* **EXERCISE INSTRUCTIONS**:
Lines with the word "reply" in them are the ones to copy from the records.

--- INPUT ---

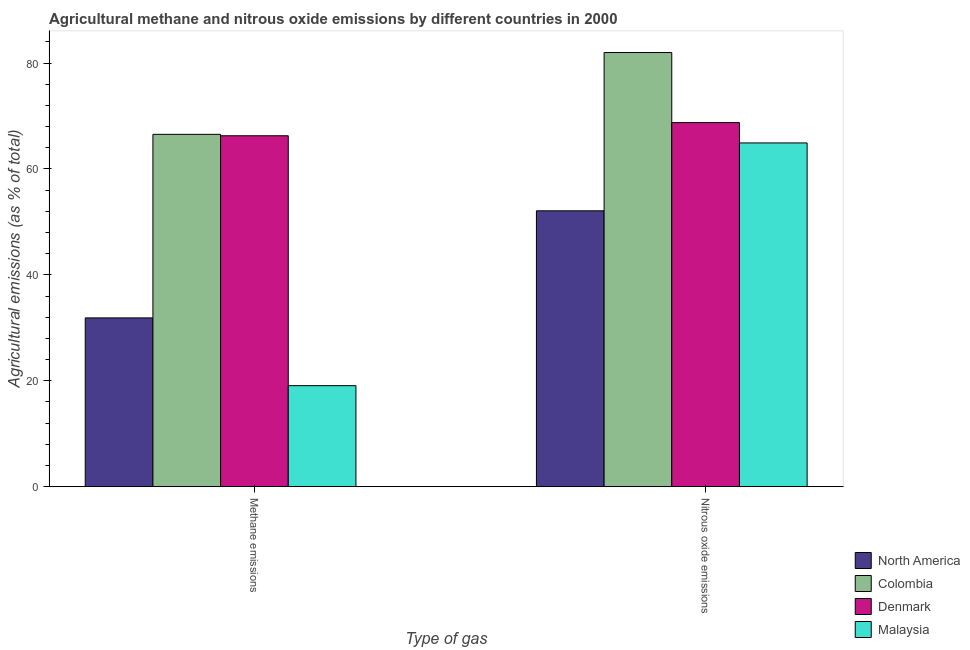How many different coloured bars are there?
Offer a very short reply. 4. How many groups of bars are there?
Offer a terse response. 2. Are the number of bars per tick equal to the number of legend labels?
Your answer should be very brief. Yes. How many bars are there on the 2nd tick from the right?
Your answer should be very brief. 4. What is the label of the 2nd group of bars from the left?
Keep it short and to the point. Nitrous oxide emissions. What is the amount of methane emissions in Denmark?
Offer a very short reply. 66.27. Across all countries, what is the maximum amount of nitrous oxide emissions?
Keep it short and to the point. 81.99. Across all countries, what is the minimum amount of methane emissions?
Give a very brief answer. 19.08. In which country was the amount of methane emissions minimum?
Offer a terse response. Malaysia. What is the total amount of nitrous oxide emissions in the graph?
Offer a very short reply. 267.77. What is the difference between the amount of nitrous oxide emissions in Denmark and that in Malaysia?
Your response must be concise. 3.84. What is the difference between the amount of methane emissions in Colombia and the amount of nitrous oxide emissions in Malaysia?
Your answer should be very brief. 1.62. What is the average amount of nitrous oxide emissions per country?
Your answer should be very brief. 66.94. What is the difference between the amount of methane emissions and amount of nitrous oxide emissions in North America?
Your response must be concise. -20.23. What is the ratio of the amount of nitrous oxide emissions in Colombia to that in Malaysia?
Offer a terse response. 1.26. What does the 1st bar from the left in Methane emissions represents?
Offer a very short reply. North America. What does the 1st bar from the right in Methane emissions represents?
Make the answer very short. Malaysia. How many bars are there?
Provide a short and direct response. 8. How many countries are there in the graph?
Offer a terse response. 4. What is the difference between two consecutive major ticks on the Y-axis?
Your response must be concise. 20. Are the values on the major ticks of Y-axis written in scientific E-notation?
Your answer should be very brief. No. Does the graph contain any zero values?
Keep it short and to the point. No. Does the graph contain grids?
Give a very brief answer. No. Where does the legend appear in the graph?
Your response must be concise. Bottom right. How many legend labels are there?
Ensure brevity in your answer.  4. How are the legend labels stacked?
Provide a succinct answer. Vertical. What is the title of the graph?
Offer a terse response. Agricultural methane and nitrous oxide emissions by different countries in 2000. What is the label or title of the X-axis?
Your answer should be compact. Type of gas. What is the label or title of the Y-axis?
Give a very brief answer. Agricultural emissions (as % of total). What is the Agricultural emissions (as % of total) of North America in Methane emissions?
Offer a very short reply. 31.88. What is the Agricultural emissions (as % of total) of Colombia in Methane emissions?
Offer a terse response. 66.54. What is the Agricultural emissions (as % of total) in Denmark in Methane emissions?
Your answer should be very brief. 66.27. What is the Agricultural emissions (as % of total) in Malaysia in Methane emissions?
Your answer should be very brief. 19.08. What is the Agricultural emissions (as % of total) of North America in Nitrous oxide emissions?
Give a very brief answer. 52.1. What is the Agricultural emissions (as % of total) of Colombia in Nitrous oxide emissions?
Your answer should be compact. 81.99. What is the Agricultural emissions (as % of total) of Denmark in Nitrous oxide emissions?
Provide a succinct answer. 68.76. What is the Agricultural emissions (as % of total) in Malaysia in Nitrous oxide emissions?
Provide a short and direct response. 64.92. Across all Type of gas, what is the maximum Agricultural emissions (as % of total) of North America?
Provide a short and direct response. 52.1. Across all Type of gas, what is the maximum Agricultural emissions (as % of total) in Colombia?
Make the answer very short. 81.99. Across all Type of gas, what is the maximum Agricultural emissions (as % of total) of Denmark?
Make the answer very short. 68.76. Across all Type of gas, what is the maximum Agricultural emissions (as % of total) in Malaysia?
Your answer should be very brief. 64.92. Across all Type of gas, what is the minimum Agricultural emissions (as % of total) in North America?
Ensure brevity in your answer.  31.88. Across all Type of gas, what is the minimum Agricultural emissions (as % of total) in Colombia?
Provide a succinct answer. 66.54. Across all Type of gas, what is the minimum Agricultural emissions (as % of total) in Denmark?
Give a very brief answer. 66.27. Across all Type of gas, what is the minimum Agricultural emissions (as % of total) in Malaysia?
Make the answer very short. 19.08. What is the total Agricultural emissions (as % of total) in North America in the graph?
Provide a short and direct response. 83.98. What is the total Agricultural emissions (as % of total) of Colombia in the graph?
Offer a very short reply. 148.53. What is the total Agricultural emissions (as % of total) in Denmark in the graph?
Provide a short and direct response. 135.03. What is the total Agricultural emissions (as % of total) in Malaysia in the graph?
Your answer should be compact. 84. What is the difference between the Agricultural emissions (as % of total) of North America in Methane emissions and that in Nitrous oxide emissions?
Provide a succinct answer. -20.23. What is the difference between the Agricultural emissions (as % of total) in Colombia in Methane emissions and that in Nitrous oxide emissions?
Your response must be concise. -15.45. What is the difference between the Agricultural emissions (as % of total) in Denmark in Methane emissions and that in Nitrous oxide emissions?
Provide a succinct answer. -2.49. What is the difference between the Agricultural emissions (as % of total) of Malaysia in Methane emissions and that in Nitrous oxide emissions?
Provide a short and direct response. -45.84. What is the difference between the Agricultural emissions (as % of total) in North America in Methane emissions and the Agricultural emissions (as % of total) in Colombia in Nitrous oxide emissions?
Offer a terse response. -50.11. What is the difference between the Agricultural emissions (as % of total) in North America in Methane emissions and the Agricultural emissions (as % of total) in Denmark in Nitrous oxide emissions?
Your answer should be very brief. -36.88. What is the difference between the Agricultural emissions (as % of total) in North America in Methane emissions and the Agricultural emissions (as % of total) in Malaysia in Nitrous oxide emissions?
Give a very brief answer. -33.04. What is the difference between the Agricultural emissions (as % of total) of Colombia in Methane emissions and the Agricultural emissions (as % of total) of Denmark in Nitrous oxide emissions?
Provide a short and direct response. -2.21. What is the difference between the Agricultural emissions (as % of total) of Colombia in Methane emissions and the Agricultural emissions (as % of total) of Malaysia in Nitrous oxide emissions?
Your answer should be compact. 1.62. What is the difference between the Agricultural emissions (as % of total) in Denmark in Methane emissions and the Agricultural emissions (as % of total) in Malaysia in Nitrous oxide emissions?
Your answer should be compact. 1.35. What is the average Agricultural emissions (as % of total) of North America per Type of gas?
Make the answer very short. 41.99. What is the average Agricultural emissions (as % of total) in Colombia per Type of gas?
Provide a short and direct response. 74.27. What is the average Agricultural emissions (as % of total) of Denmark per Type of gas?
Your response must be concise. 67.52. What is the average Agricultural emissions (as % of total) in Malaysia per Type of gas?
Provide a succinct answer. 42. What is the difference between the Agricultural emissions (as % of total) in North America and Agricultural emissions (as % of total) in Colombia in Methane emissions?
Ensure brevity in your answer.  -34.67. What is the difference between the Agricultural emissions (as % of total) in North America and Agricultural emissions (as % of total) in Denmark in Methane emissions?
Keep it short and to the point. -34.4. What is the difference between the Agricultural emissions (as % of total) of North America and Agricultural emissions (as % of total) of Malaysia in Methane emissions?
Offer a terse response. 12.8. What is the difference between the Agricultural emissions (as % of total) in Colombia and Agricultural emissions (as % of total) in Denmark in Methane emissions?
Offer a very short reply. 0.27. What is the difference between the Agricultural emissions (as % of total) in Colombia and Agricultural emissions (as % of total) in Malaysia in Methane emissions?
Your answer should be very brief. 47.46. What is the difference between the Agricultural emissions (as % of total) of Denmark and Agricultural emissions (as % of total) of Malaysia in Methane emissions?
Offer a very short reply. 47.19. What is the difference between the Agricultural emissions (as % of total) of North America and Agricultural emissions (as % of total) of Colombia in Nitrous oxide emissions?
Keep it short and to the point. -29.89. What is the difference between the Agricultural emissions (as % of total) of North America and Agricultural emissions (as % of total) of Denmark in Nitrous oxide emissions?
Your answer should be very brief. -16.66. What is the difference between the Agricultural emissions (as % of total) in North America and Agricultural emissions (as % of total) in Malaysia in Nitrous oxide emissions?
Give a very brief answer. -12.82. What is the difference between the Agricultural emissions (as % of total) of Colombia and Agricultural emissions (as % of total) of Denmark in Nitrous oxide emissions?
Offer a very short reply. 13.23. What is the difference between the Agricultural emissions (as % of total) of Colombia and Agricultural emissions (as % of total) of Malaysia in Nitrous oxide emissions?
Your answer should be very brief. 17.07. What is the difference between the Agricultural emissions (as % of total) in Denmark and Agricultural emissions (as % of total) in Malaysia in Nitrous oxide emissions?
Your answer should be compact. 3.84. What is the ratio of the Agricultural emissions (as % of total) in North America in Methane emissions to that in Nitrous oxide emissions?
Offer a terse response. 0.61. What is the ratio of the Agricultural emissions (as % of total) of Colombia in Methane emissions to that in Nitrous oxide emissions?
Ensure brevity in your answer.  0.81. What is the ratio of the Agricultural emissions (as % of total) in Denmark in Methane emissions to that in Nitrous oxide emissions?
Offer a very short reply. 0.96. What is the ratio of the Agricultural emissions (as % of total) in Malaysia in Methane emissions to that in Nitrous oxide emissions?
Offer a very short reply. 0.29. What is the difference between the highest and the second highest Agricultural emissions (as % of total) in North America?
Your response must be concise. 20.23. What is the difference between the highest and the second highest Agricultural emissions (as % of total) of Colombia?
Your answer should be very brief. 15.45. What is the difference between the highest and the second highest Agricultural emissions (as % of total) in Denmark?
Offer a very short reply. 2.49. What is the difference between the highest and the second highest Agricultural emissions (as % of total) of Malaysia?
Give a very brief answer. 45.84. What is the difference between the highest and the lowest Agricultural emissions (as % of total) in North America?
Your response must be concise. 20.23. What is the difference between the highest and the lowest Agricultural emissions (as % of total) in Colombia?
Your answer should be compact. 15.45. What is the difference between the highest and the lowest Agricultural emissions (as % of total) in Denmark?
Make the answer very short. 2.49. What is the difference between the highest and the lowest Agricultural emissions (as % of total) in Malaysia?
Your answer should be very brief. 45.84.

---

* **RESPONSE TO THE TASK**:
Offer a very short reply. 4. How many groups of bars are there?
Offer a very short reply. 66.27. Across all countries, what is the maximum amount of nitrous oxide emissions?
Offer a very short reply. 267.77. What is the difference between the amount of nitrous oxide emissions in Denmark and that in Malaysia?
Offer a very short reply. North America. What does the 1st bar from the right in Methane emissions represents?
Offer a very short reply. 31.88. What is the Agricultural emissions (as % of total) of Colombia in Methane emissions?
Offer a very short reply. 148.53. What is the total Agricultural emissions (as % of total) in Denmark in the graph?
Offer a very short reply. 0.27. What is the difference between the Agricultural emissions (as % of total) in Colombia and Agricultural emissions (as % of total) in Malaysia in Methane emissions?
Offer a very short reply. 47.19. What is the difference between the Agricultural emissions (as % of total) of North America and Agricultural emissions (as % of total) of Colombia in Nitrous oxide emissions?
Offer a very short reply. 13.23. What is the difference between the Agricultural emissions (as % of total) of Colombia and Agricultural emissions (as % of total) of Malaysia in Nitrous oxide emissions?
Offer a very short reply. 0.96. What is the ratio of the Agricultural emissions (as % of total) in Malaysia in Methane emissions to that in Nitrous oxide emissions?
Offer a very short reply. 0.29. What is the difference between the highest and the second highest Agricultural emissions (as % of total) in North America?
Offer a very short reply. 2.49. What is the difference between the highest and the second highest Agricultural emissions (as % of total) of Malaysia?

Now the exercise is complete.